Saline groundwaters counteract up-flow of contaminants- implications for radionuclide repositories?

The high-level nuclear waste, HLW, from Swedish and Finnish reactors will be deposited in crystalline rock at depths around 500 m. The waste is enclosed in steel canisters protected against corrosion by a 5 cm thick copper shell, which ensures a lifetime far longer than 100 000 years. Should some canister be breached any leaking nuclides will have decayed to so low activity that even if they reached the biosphere, they would cause minimal risk to humans. The cost of the copper is significant. The dismantling of the nuclear reactors, with induced activity must also be disposed of and this waste volume is much larger than that of the HLW, which makes it impossible to protect it in the same way. This paper explores if by locating the waste at larger depth where the ground water is more saline, and where the hydraulic conductivity of the rock is lower up-flow of contaminated water can be ensured to be negligible because the denser water at larger depth counteracts up-flow due to negative buoyancy.

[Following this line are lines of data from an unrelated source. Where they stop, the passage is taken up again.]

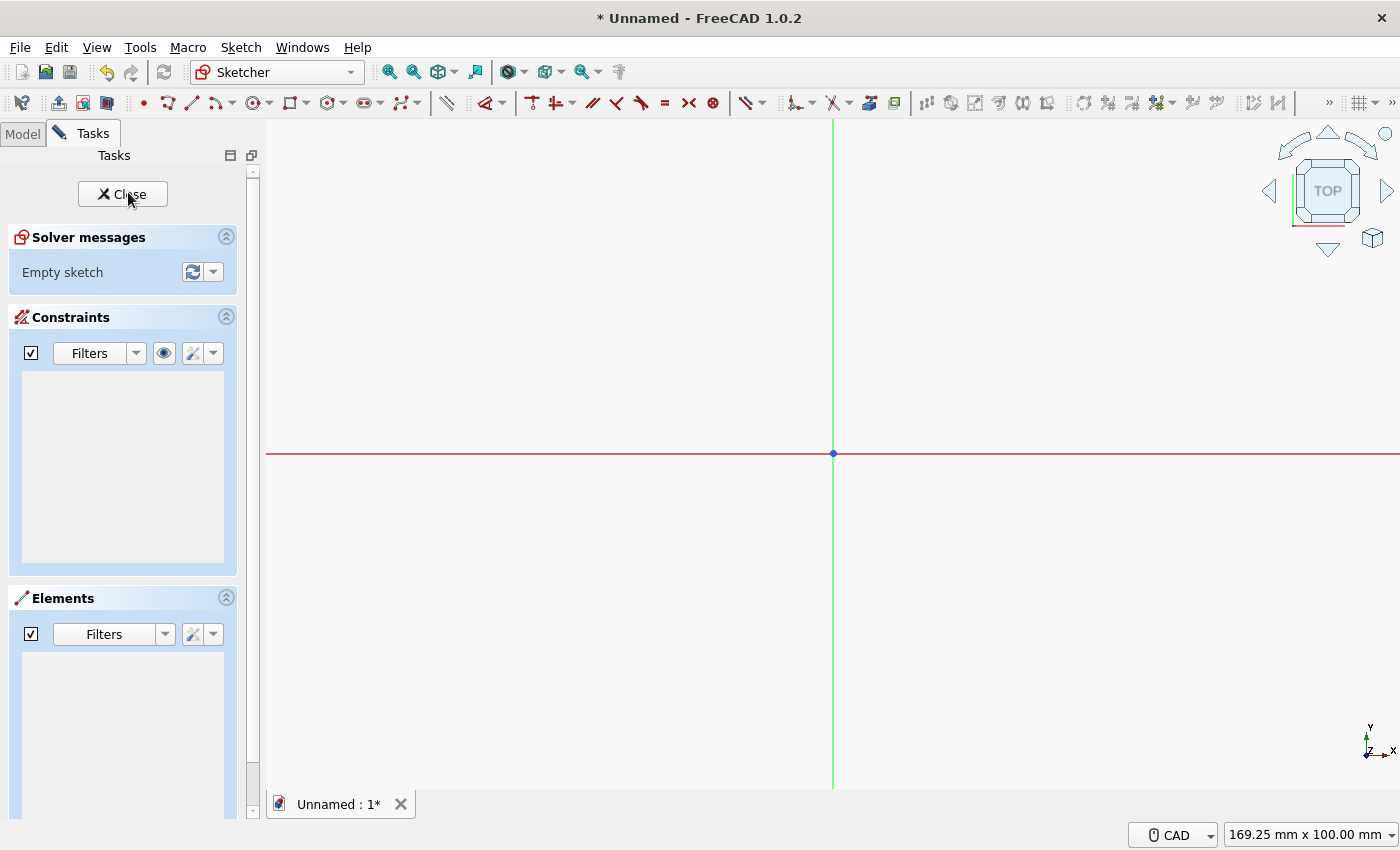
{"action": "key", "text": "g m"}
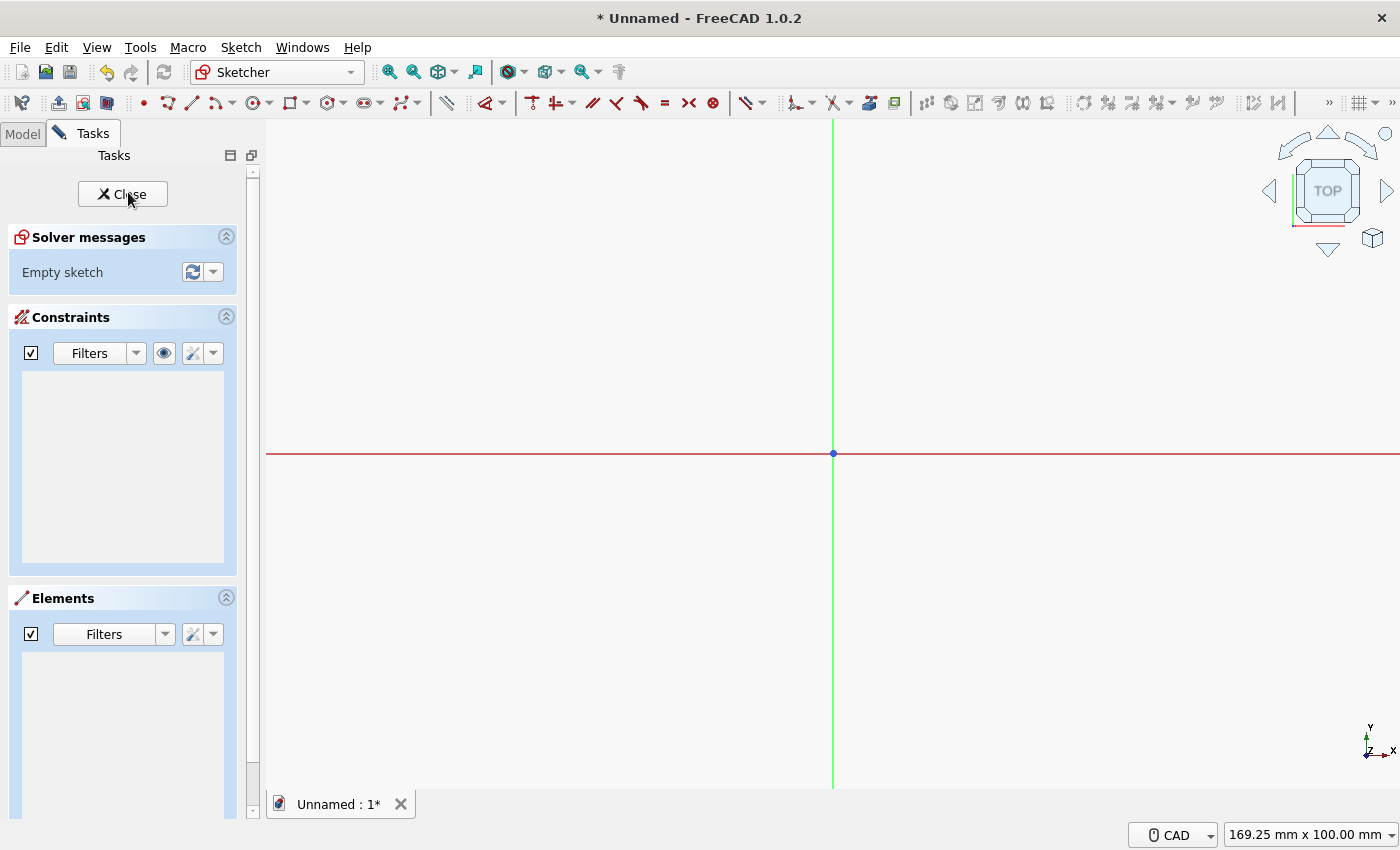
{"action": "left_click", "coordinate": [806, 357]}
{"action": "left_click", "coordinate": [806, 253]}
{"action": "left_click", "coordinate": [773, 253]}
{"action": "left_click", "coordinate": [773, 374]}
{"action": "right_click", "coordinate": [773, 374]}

Several processes that could cause local up-flow are addressed, such as infiltration of meteoric water, impact of surface topology, heat production of the waste, geothermal gradient, salinity gradient, hydraulic conductivity heterogeneities and salt migration between seeping water and salt in matrix pore water. Flow and transport simulations using data from extensive field investigations over more than ten years with scores of km deep boreholes suggest that a HLW repository at around one km depth may be sufficient to hinder up-flow to the biosphere.